Re: After orchid DNA is extracted how can atomic weight be measured?

Orchid: Dendrobium sp.:  Introduction

Dendrobium are a genus of tropical Orchids that is comprised of
approximately 1200 species.  They are typically sought for their vivid and
various colours.  This has lead to the development of a variety of hybrids,
specifically of the Dendrobium nobile species.



Figure 1:  Orchid Dendrobium nobile, a species of orchid that
is commonly used in the production of hybrids.  Prized for their variety of
colours. 


The Answer:

Probably the simplest method to quantify genomic DNA is through photometry
(measurement with light).  Some examples are described under reference
(1).  Feulgen
reagent is commonly used to stain DNA within cells (thus removing the
necessity for purification) and the DNA can be quantitated using an
microspectrophotometer.  Both the reagent and equipment are likely to be
found in any histology group of the nearest university (perhaps, PGML, the Plant Genome Mapping
Laboratory at the University of Georgia).  Groups such as those at PGML may
also have suggestions on other techniques for further comparative genomic
analysis of the species you’re interested in.
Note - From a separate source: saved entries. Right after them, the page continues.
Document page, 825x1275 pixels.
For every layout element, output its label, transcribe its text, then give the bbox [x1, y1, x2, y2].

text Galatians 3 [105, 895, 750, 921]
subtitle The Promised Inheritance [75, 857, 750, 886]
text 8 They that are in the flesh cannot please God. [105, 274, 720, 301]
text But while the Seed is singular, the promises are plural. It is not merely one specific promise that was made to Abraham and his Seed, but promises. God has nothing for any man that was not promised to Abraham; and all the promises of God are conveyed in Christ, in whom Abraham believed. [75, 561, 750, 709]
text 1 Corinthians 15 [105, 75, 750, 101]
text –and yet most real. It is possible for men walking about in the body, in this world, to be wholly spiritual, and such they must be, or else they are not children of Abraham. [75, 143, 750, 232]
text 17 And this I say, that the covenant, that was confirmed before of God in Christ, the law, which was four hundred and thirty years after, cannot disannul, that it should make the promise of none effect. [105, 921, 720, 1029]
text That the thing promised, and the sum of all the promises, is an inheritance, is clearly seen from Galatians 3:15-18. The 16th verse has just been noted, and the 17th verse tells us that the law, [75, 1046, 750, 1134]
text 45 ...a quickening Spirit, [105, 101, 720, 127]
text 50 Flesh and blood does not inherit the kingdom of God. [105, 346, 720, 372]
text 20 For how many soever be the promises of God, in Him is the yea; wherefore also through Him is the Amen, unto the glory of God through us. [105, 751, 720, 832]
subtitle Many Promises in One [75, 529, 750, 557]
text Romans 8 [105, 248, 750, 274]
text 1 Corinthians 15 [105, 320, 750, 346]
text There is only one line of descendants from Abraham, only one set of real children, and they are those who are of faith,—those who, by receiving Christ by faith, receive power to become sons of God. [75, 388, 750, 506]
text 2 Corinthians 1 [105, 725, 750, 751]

 Purification of Plant Genomic DNA and analysis by Electrophoresis 

Determination of the molecular mass of genomic DNA from any multicellular
organism by electrophoresis is not a trivial task due to its great size. 
For example, the human genome has roughly five billion (5 x 10^9) base
pairs (bp).  Dividing by forty-six (the number of human chromosomes), still
gives an average of roughly 1.0 x 10^8 bp/chromosome.  Although many
species, plants included, can have smaller genome (such as Arabidopsis
thaliana with 125 million base pairs), all except microorganisms and
viruses are still too large for simple analysis by electrophoresis.
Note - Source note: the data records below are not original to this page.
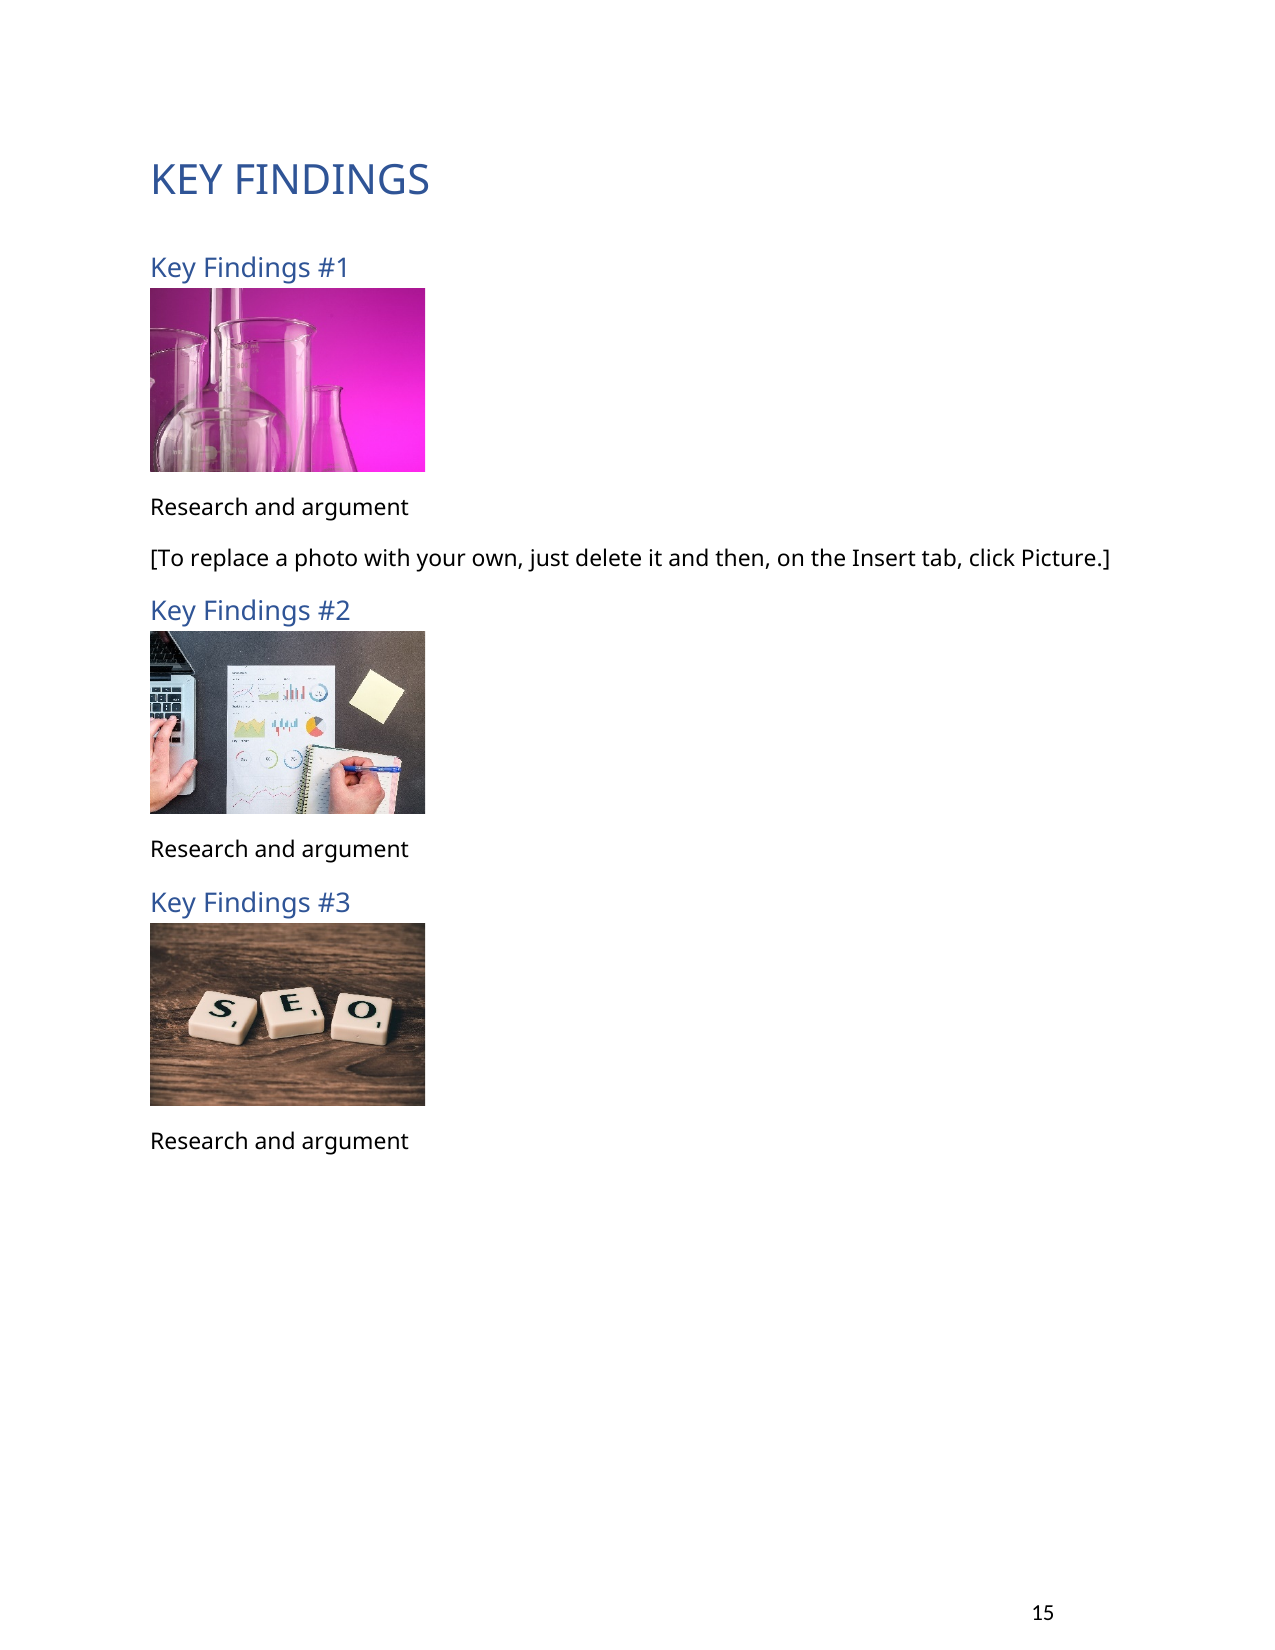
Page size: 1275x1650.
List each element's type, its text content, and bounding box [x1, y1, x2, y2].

subtitle Key Findings #2 [150, 592, 1125, 629]
subtitle Key Findings #3 [150, 883, 1125, 920]
picture [150, 288, 426, 472]
text [To replace a photo with your own, just delete it and then, on the Insert tab, click Picture.] [150, 541, 1125, 573]
picture [150, 923, 426, 1106]
text Research and argument [150, 1125, 1125, 1156]
picture [150, 631, 426, 814]
text Research and argument [150, 833, 1125, 864]
subtitle Key Findings [150, 150, 1125, 207]
subtitle Key Findings #1 [150, 249, 1125, 286]
text Research and argument [150, 491, 1125, 522]

The most common application of agarose electrophoresis in molecular biology
is in the analysis of DNA pieces in the range of 100 - 10,000 bp.  You can
see from this, that common electrophoresis is not going to be very useful
for analysis of DNA pieces as large as those of a genome.

Such analysis is further complicated  by the fact that chromosomal/genomic
DNA of multicelluar organisms is notoriously difficult to purify intact due
to its immense size.  The large size of each piece means that it is
incredibly sensitive to sheering forces and will be very easily broken. 
Even in the most careful of cases, one can usually only hope to recover
fragments of the DNA that are 100,000 to 200,000 base pairs (see reference
3 for a discussion).

Therefore, a determination of the purified genomic or chromosomal molecular
weight by electrophoresis is probably not a viable option and you will
likely have greater success using the photometric technique described earlier.

Resources and references

1. 

An improved acriflavine-Feulgen reagent for quantitative DNA
cytofluorometry by JW Levinson, RG Langlois, VM Maher and JJ McCormick


Feulgen banding of Heterchromatin in Plant Chromosomes.  A free article
from the Journal of cell science.  It’s a little old now (1983) but should
still give a good idea of what’s involved.
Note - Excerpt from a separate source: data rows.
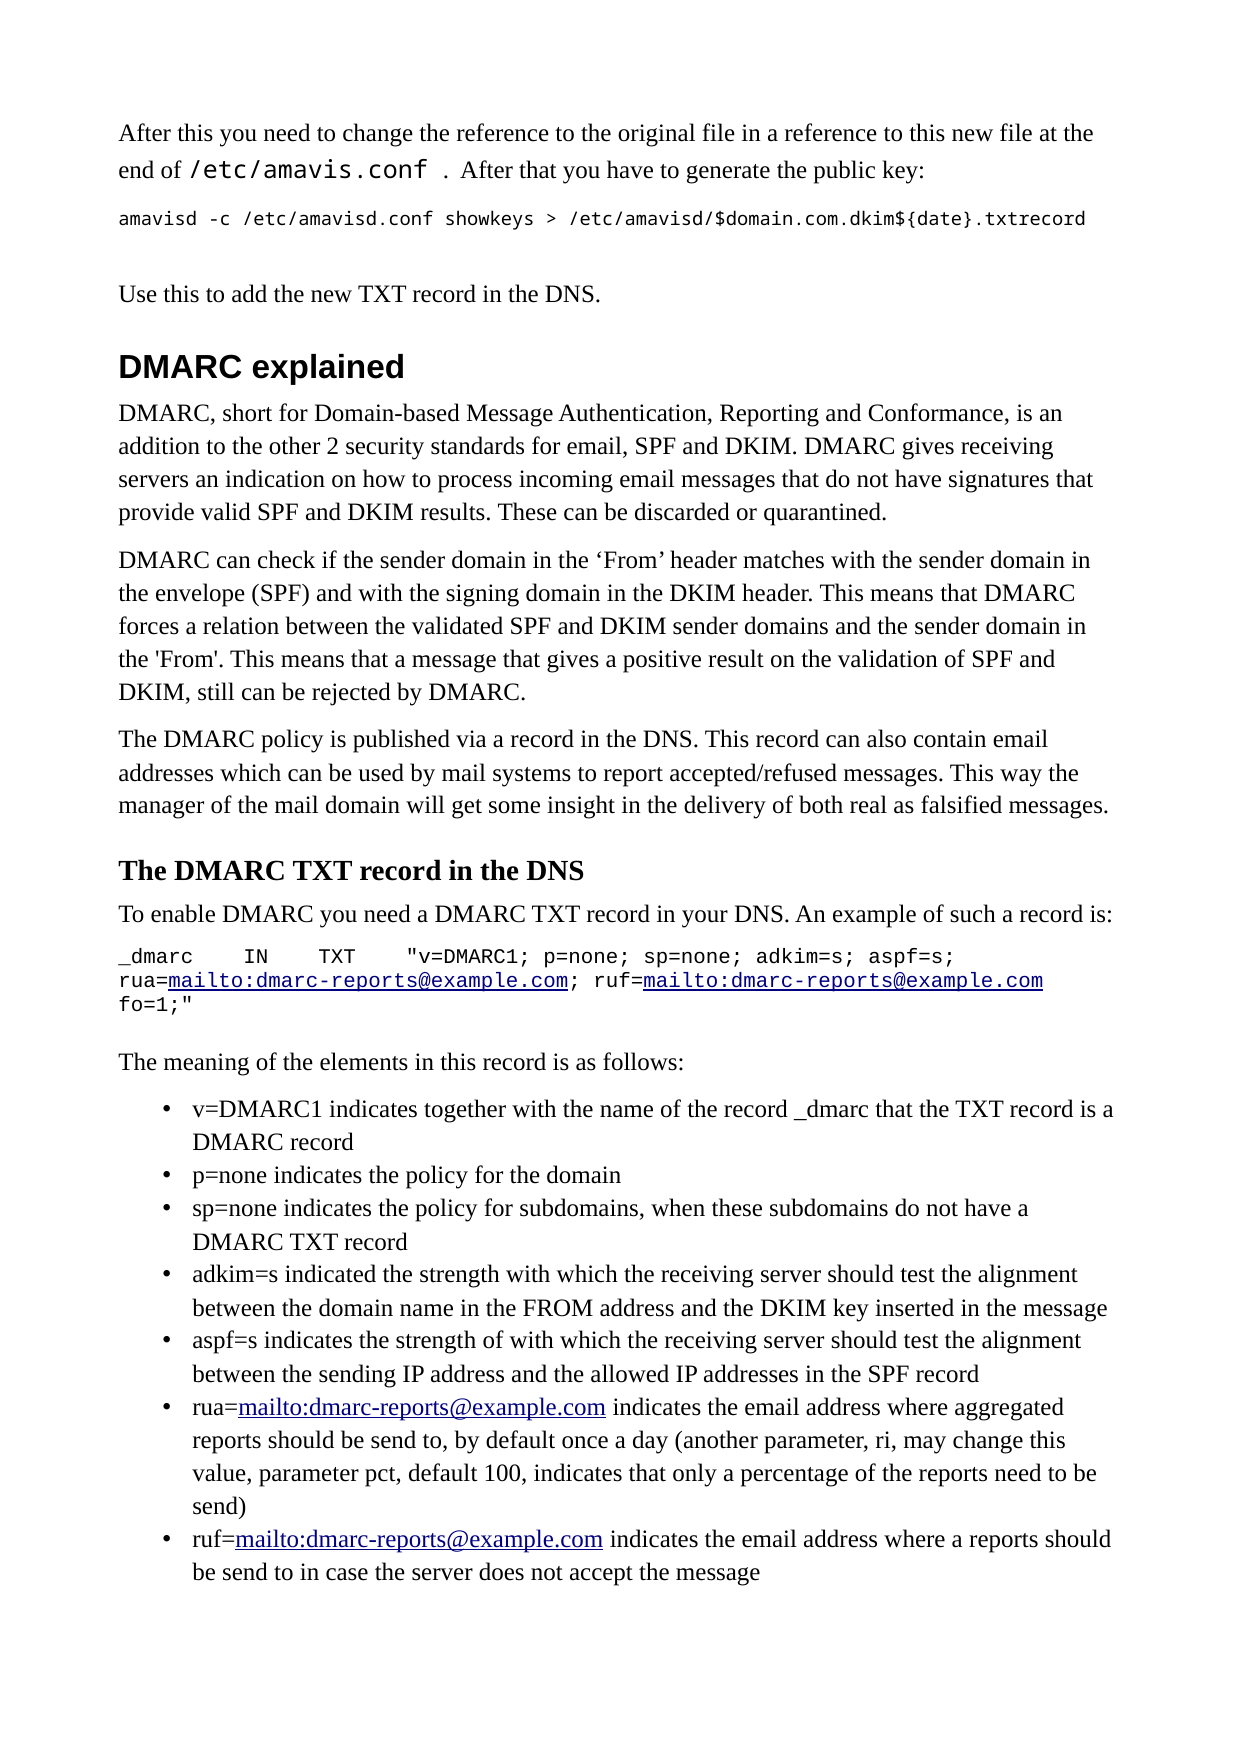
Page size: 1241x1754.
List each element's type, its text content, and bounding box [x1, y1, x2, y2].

list aspf=s indicates the strength of with which the receiving server should test the alignment between the sending IP address and the allowed IP addresses in the SPF record [162, 1326, 1122, 1387]
text The DMARC policy is published via a record in the DNS. This record can also contain email addresses which can be used by mail systems to report accepted/refused messages. This way the manager of the mail domain will get some insight in the delivery of both real as falsified messages. [118, 724, 1122, 819]
subtitle The DMARC TXT record in the DNS [118, 853, 1122, 886]
text Use this to add the new TXT record in the DNS. [118, 279, 1122, 308]
text The meaning of the elements in this record is as follows: [118, 1047, 1122, 1076]
subtitle DMARC explained [118, 347, 1122, 386]
text DMARC, short for Domain-based Message Authentication, Reporting and Conformance, is an addition to the other 2 security standards for email, SPF and DKIM. DMARC gives receiving servers an indication on how to process incoming email messages that do not have signatures that provide valid SPF and DKIM results. These can be discarded or quarantined. [118, 398, 1122, 526]
list adkim=s indicated the strength with which the receiving server should test the alignment between the domain name in the FROM address and the DKIM key inserted in the message [162, 1259, 1122, 1321]
text amavisd -c /etc/amavisd.conf showkeys > /etc/amavisd/$domain.com.dkim${date}.txtrecord [118, 206, 1122, 231]
list v=DMARC1 indicates together with the name of the record _dmarc that the TXT record is a DMARC record [162, 1094, 1122, 1156]
text To enable DMARC you need a DMARC TXT record in your DNS. An example of such a record is: [118, 899, 1122, 928]
list ruf=mailto:dmarc-reports@example.com indicates the email address where a reports should be send to in case the server does not accept the message [162, 1524, 1122, 1586]
list p=none indicates the policy for the domain [162, 1161, 1122, 1189]
list rua=mailto:dmarc-reports@example.com indicates the email address where aggregated reports should be send to, by default once a day (another parameter, ri, may change this value, parameter pct, default 100, indicates that only a percentage of the reports need to be send) [162, 1392, 1122, 1519]
list sp=none indicates the policy for subdomains, when these subdomains do not have a DMARC TXT record [162, 1193, 1122, 1255]
text _dmarc IN TXT "v=DMARC1; p=none; sp=none; adkim=s; aspf=s; rua=mailto:dmarc-reports@example.com; ruf=mailto:dmarc-reports@example.com fo=1;" [118, 946, 1122, 1017]
text After this you need to change the reference to the original file in a reference to this new file at the end of /etc/amavis.conf . After that you have to generate the public key: [118, 118, 1122, 186]
text DMARC can check if the sender domain in the ‘From’ header matches with the sender domain in the envelope (SPF) and with the signing domain in the DKIM header. This means that DMARC forces a relation between the validated SPF and DKIM sender domains and the sender domain in the 'From'. This means that a message that gives a positive result on the validation of SPF and DKIM, still can be rejected by DMARC. [118, 545, 1122, 706]

Chapter 5.1  Quantifying the Genome.  This is an online chapter in Lee
M. Silver’s ‘Mouse Genetics:  Concepts and Applications’ but it gives a
good overview of the general ideas.

2. 

Plant Genome Mapping Laboratory, University of Georgia

3.  

Isolation and Gel analysis of DNA from Plants a PDF instruction manual
from Edvotek (such instruction manuals
are often a great source of general information).